§ **Problem to work on**
Report each line from the records where the string "angles" turns up.

====

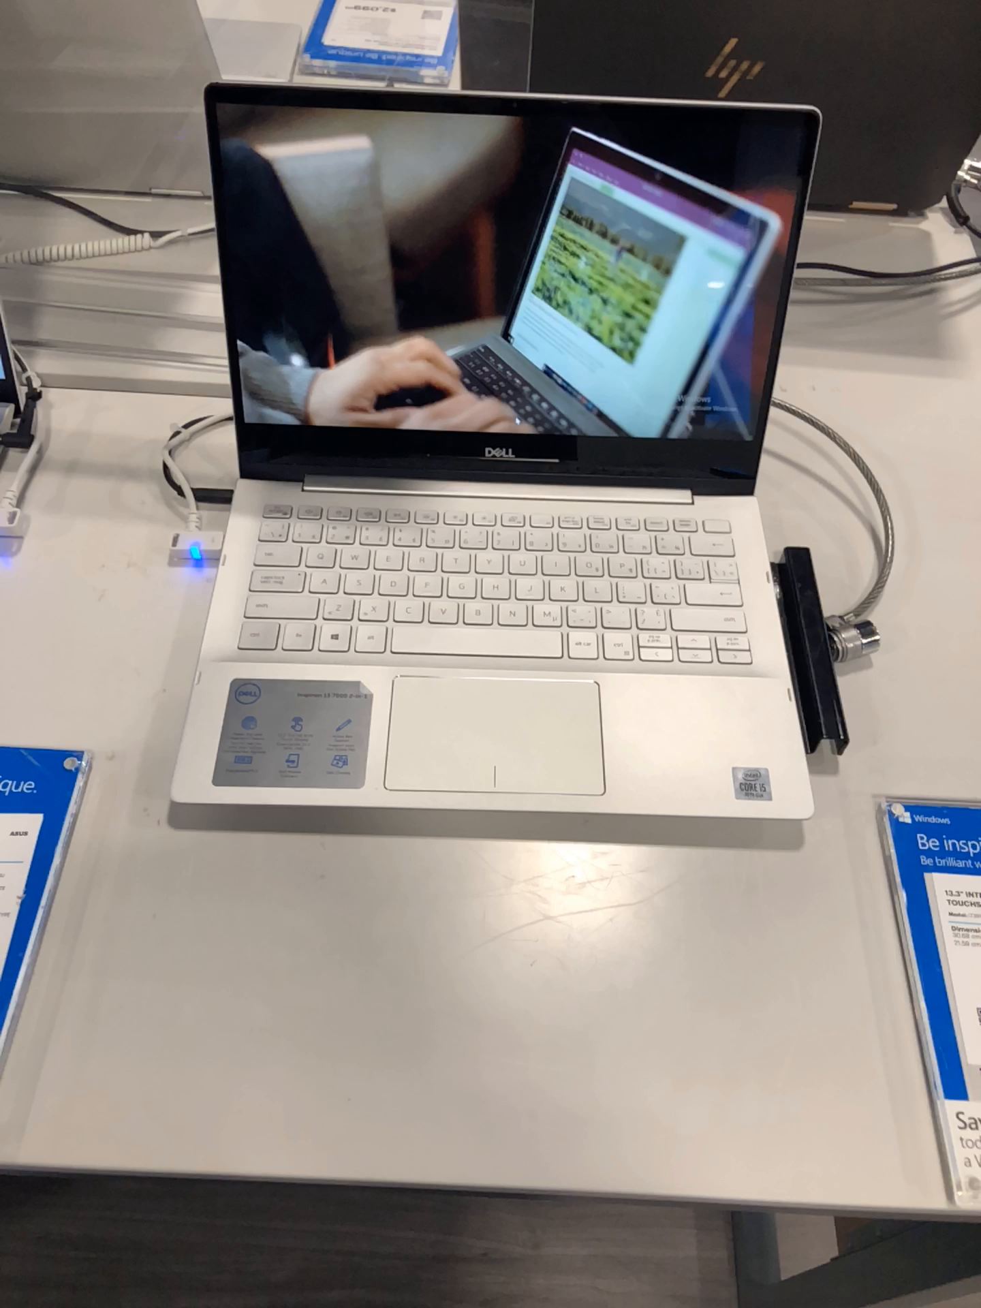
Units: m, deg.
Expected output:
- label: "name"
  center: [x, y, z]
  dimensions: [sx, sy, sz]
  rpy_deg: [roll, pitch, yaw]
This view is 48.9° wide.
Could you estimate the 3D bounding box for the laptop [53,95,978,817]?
- label: "laptop"
  center: [0.005, -0.091, 0.490]
  dimensions: [0.285, 0.186, 0.265]
  rpy_deg: [2, 53, -1]
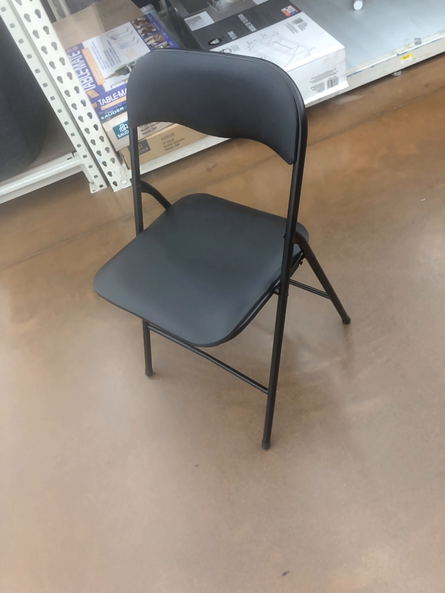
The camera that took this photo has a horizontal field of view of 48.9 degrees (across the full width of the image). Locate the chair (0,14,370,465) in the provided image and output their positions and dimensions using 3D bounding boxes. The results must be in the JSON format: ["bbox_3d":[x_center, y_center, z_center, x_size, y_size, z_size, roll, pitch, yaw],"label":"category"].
[{"bbox_3d":[-0.037,-0.106,1.093,0.521,0.758,0.490,25,62,33],"label":"chair"}]
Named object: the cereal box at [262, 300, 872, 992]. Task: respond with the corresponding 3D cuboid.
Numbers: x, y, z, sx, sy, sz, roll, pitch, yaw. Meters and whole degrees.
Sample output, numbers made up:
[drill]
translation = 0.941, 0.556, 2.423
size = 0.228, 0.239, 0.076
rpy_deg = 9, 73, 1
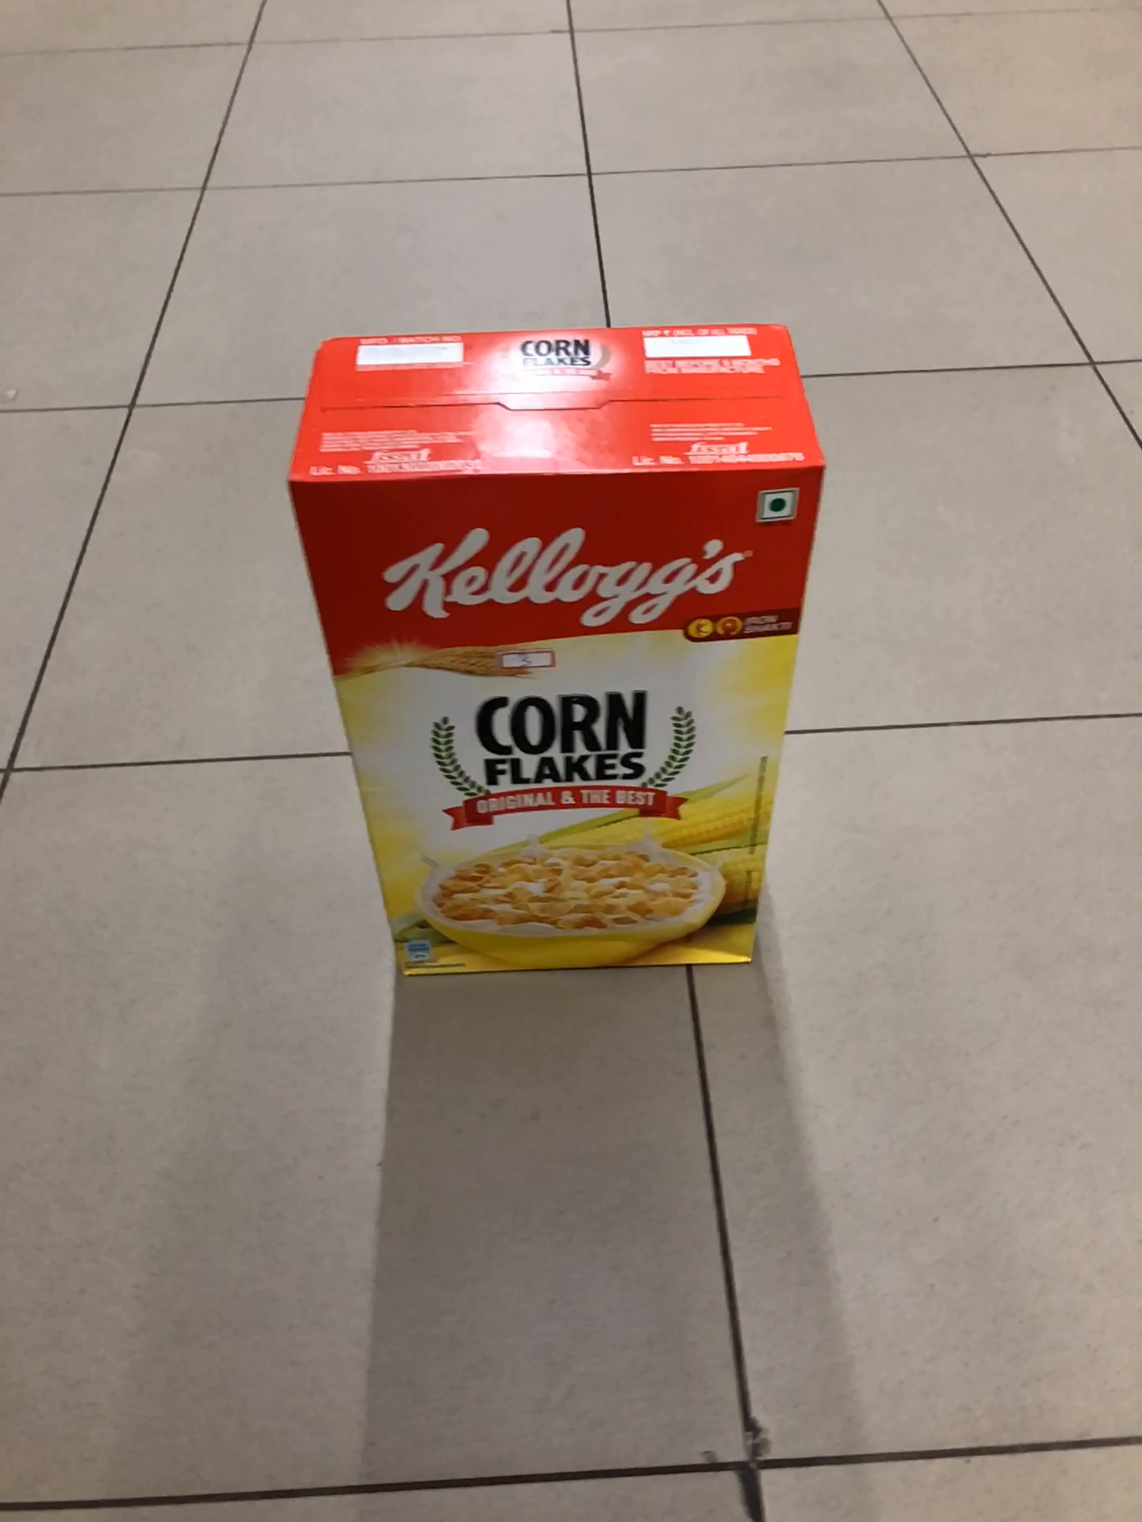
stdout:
[cereal box]
translation = 0.002, -0.028, 0.564
size = 0.200, 0.318, 0.101
rpy_deg = -3, 48, 0
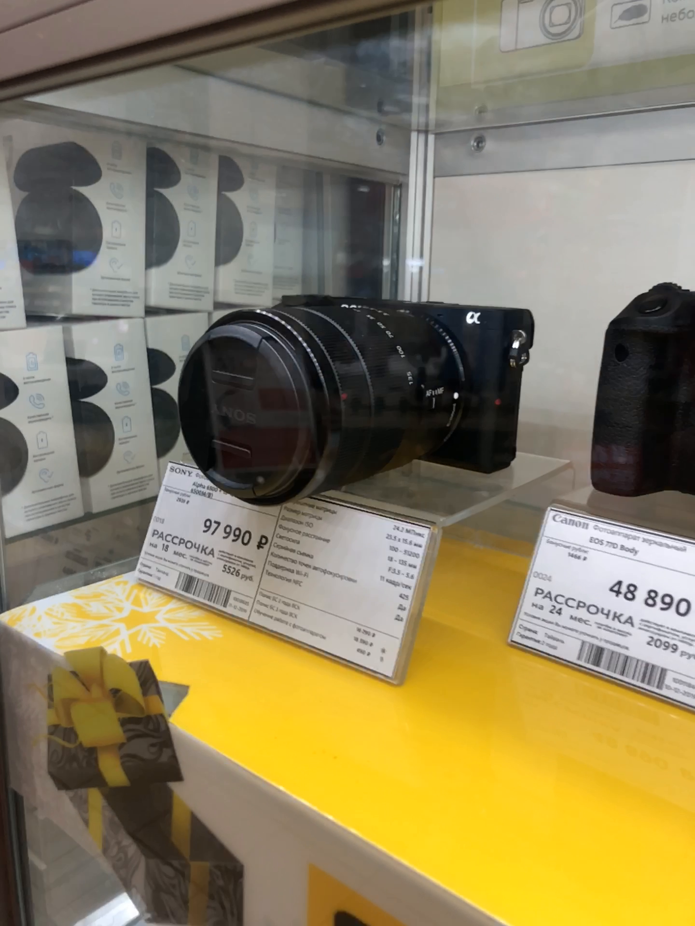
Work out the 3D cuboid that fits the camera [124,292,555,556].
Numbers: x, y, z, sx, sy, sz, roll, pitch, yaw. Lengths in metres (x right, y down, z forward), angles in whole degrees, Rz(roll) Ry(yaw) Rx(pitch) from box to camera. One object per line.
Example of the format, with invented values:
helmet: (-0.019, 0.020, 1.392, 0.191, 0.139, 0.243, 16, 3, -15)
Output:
camera: (-0.003, -0.030, 0.329, 0.130, 0.080, 0.123, 13, 18, 41)
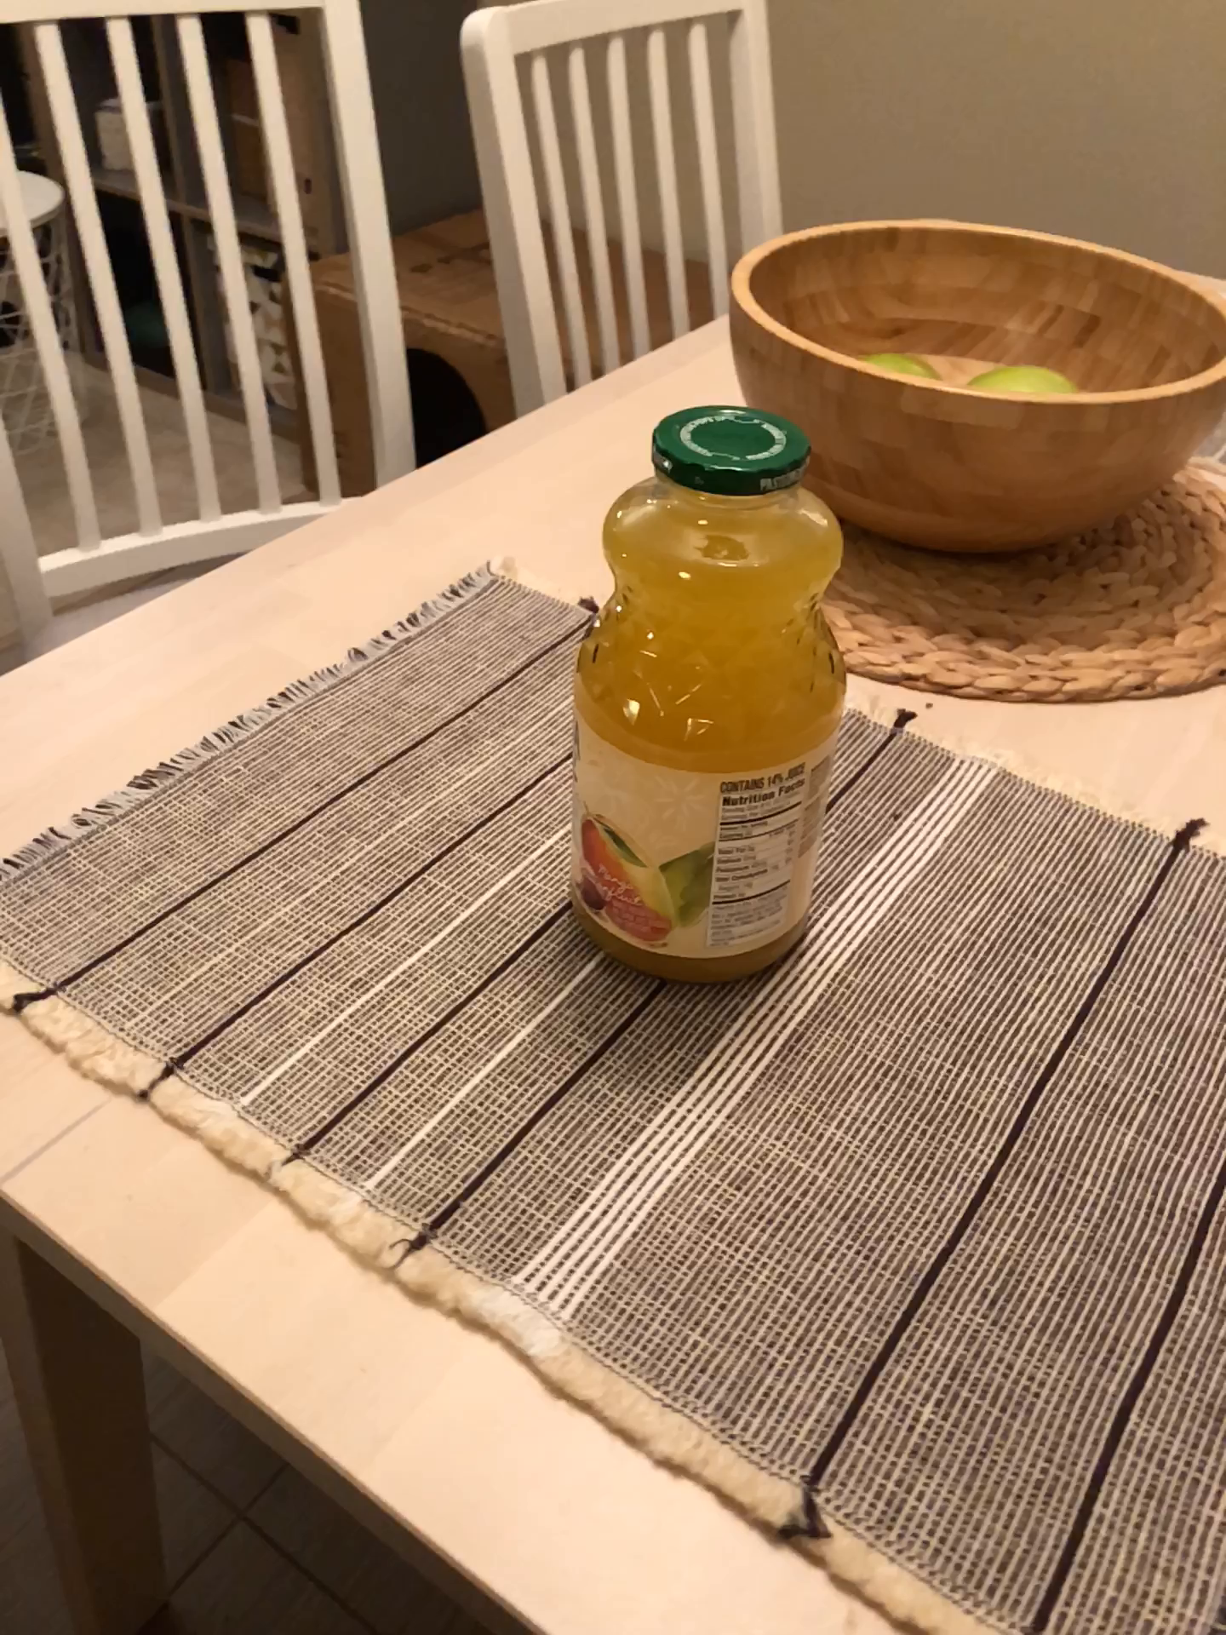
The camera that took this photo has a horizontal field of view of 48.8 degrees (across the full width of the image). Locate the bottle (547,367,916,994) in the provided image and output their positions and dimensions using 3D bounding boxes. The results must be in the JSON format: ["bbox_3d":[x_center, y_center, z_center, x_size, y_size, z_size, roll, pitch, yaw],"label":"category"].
[{"bbox_3d":[0.032,-0.044,0.475,0.100,0.189,0.101,2,38,-2],"label":"bottle"}]
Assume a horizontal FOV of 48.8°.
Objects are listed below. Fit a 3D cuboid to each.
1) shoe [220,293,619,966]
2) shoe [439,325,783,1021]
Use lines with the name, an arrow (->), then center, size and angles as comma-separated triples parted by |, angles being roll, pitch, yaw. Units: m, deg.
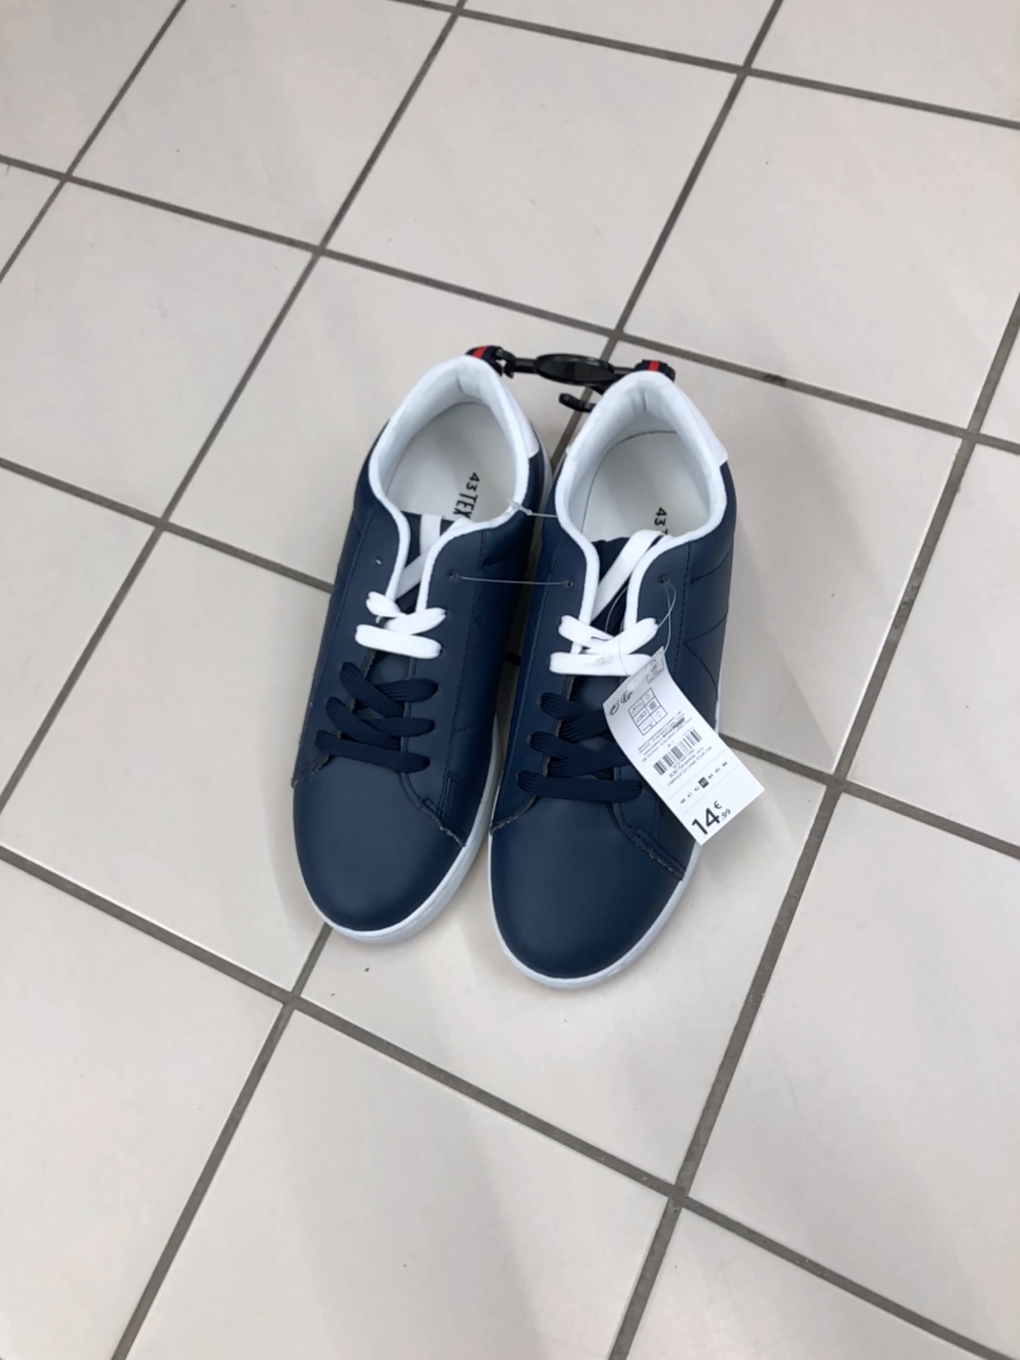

====

§ **Answer for the task**
Numbers: x, y, z, sx, sy, sz, roll, pitch, yaw. Lengths in metres (x right, y down, z forward), angles in whole degrees, Rz(roll) Ry(yaw) Rx(pitch) from box to camera. One object per line.
Use lines with the name, an arrow (->), then center, size and angles as comma-separated triples parted by |, angles being roll, pitch, yaw. Units: m, deg.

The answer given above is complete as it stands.